[What the exercise asks] Copy the records below exactly, starting at the line that contains "Answer: 0.311" and ending at the line that contains "What color is"; leave out any pictures.

[Data shown]
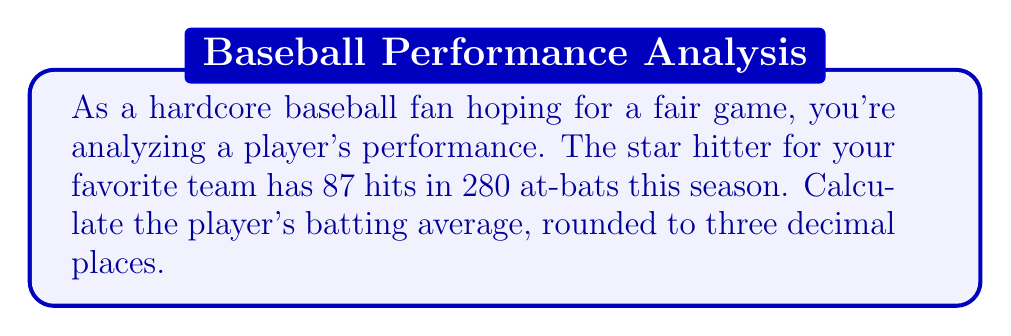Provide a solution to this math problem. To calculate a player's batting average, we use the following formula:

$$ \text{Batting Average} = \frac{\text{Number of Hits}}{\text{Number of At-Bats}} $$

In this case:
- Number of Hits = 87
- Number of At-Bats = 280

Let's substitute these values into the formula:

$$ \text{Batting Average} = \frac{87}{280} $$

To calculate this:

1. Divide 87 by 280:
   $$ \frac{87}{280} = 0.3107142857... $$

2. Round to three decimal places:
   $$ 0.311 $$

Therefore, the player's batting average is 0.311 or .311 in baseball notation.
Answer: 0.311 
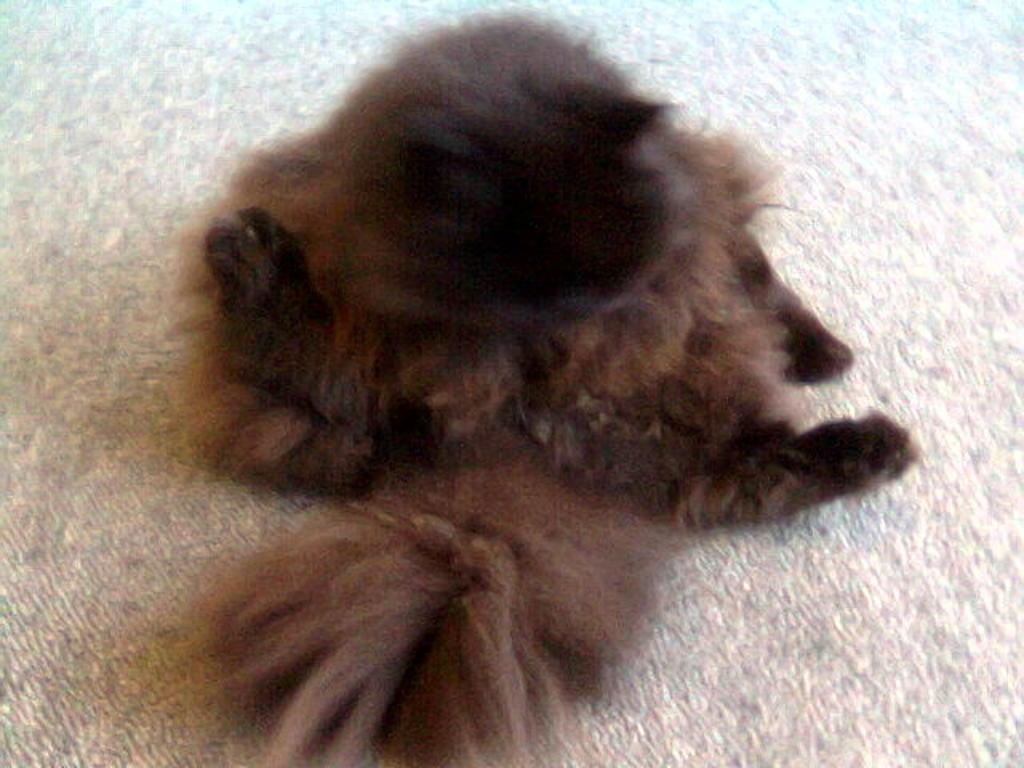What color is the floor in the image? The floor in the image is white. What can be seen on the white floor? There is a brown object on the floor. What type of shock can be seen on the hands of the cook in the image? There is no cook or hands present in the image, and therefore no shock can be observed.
...
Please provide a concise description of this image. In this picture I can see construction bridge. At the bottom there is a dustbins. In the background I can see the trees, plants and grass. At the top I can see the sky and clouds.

[Output for this task]
Answer: 0.311 
What color is the floor in the image? The floor in the image is white. What can be seen on the white floor? There is a brown object on the floor. What type of shock can be seen on the hands of the cook in the image? There is no cook or hands present in the image, and therefore no shock can be observed.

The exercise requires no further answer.